*Assigned task:* In the records below, find the line containing "Keep it short and to the point. No.", then reproduce that line and every one after it to the end, exactly and alone.

Records from a collection:
++++++++++
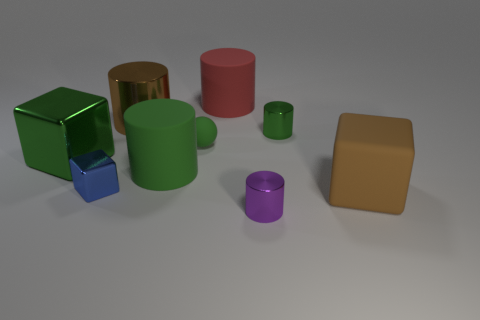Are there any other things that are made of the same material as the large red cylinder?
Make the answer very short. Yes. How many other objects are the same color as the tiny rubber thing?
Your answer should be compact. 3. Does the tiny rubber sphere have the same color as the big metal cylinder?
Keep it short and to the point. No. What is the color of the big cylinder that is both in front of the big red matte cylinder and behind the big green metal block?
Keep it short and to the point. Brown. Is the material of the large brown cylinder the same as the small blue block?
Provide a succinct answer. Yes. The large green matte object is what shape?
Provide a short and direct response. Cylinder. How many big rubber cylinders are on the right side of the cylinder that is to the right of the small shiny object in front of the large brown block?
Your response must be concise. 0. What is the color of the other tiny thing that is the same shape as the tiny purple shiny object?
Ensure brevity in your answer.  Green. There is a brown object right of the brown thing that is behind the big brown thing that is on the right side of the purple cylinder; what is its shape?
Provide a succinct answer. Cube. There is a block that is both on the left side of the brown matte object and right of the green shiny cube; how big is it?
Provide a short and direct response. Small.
++++++++++
*Output:*
Keep it short and to the point. No. What is the color of the big cylinder that is both in front of the big red matte cylinder and behind the big green metal block?
Keep it short and to the point. Brown. Is the material of the large brown cylinder the same as the small blue block?
Provide a succinct answer. Yes. The large green matte object is what shape?
Provide a short and direct response. Cylinder. How many big rubber cylinders are on the right side of the cylinder that is to the right of the small shiny object in front of the large brown block?
Your response must be concise. 0. What is the color of the other tiny thing that is the same shape as the tiny purple shiny object?
Ensure brevity in your answer.  Green. There is a brown object right of the brown thing that is behind the big brown thing that is on the right side of the purple cylinder; what is its shape?
Provide a succinct answer. Cube. There is a block that is both on the left side of the brown matte object and right of the green shiny cube; how big is it?
Provide a short and direct response. Small.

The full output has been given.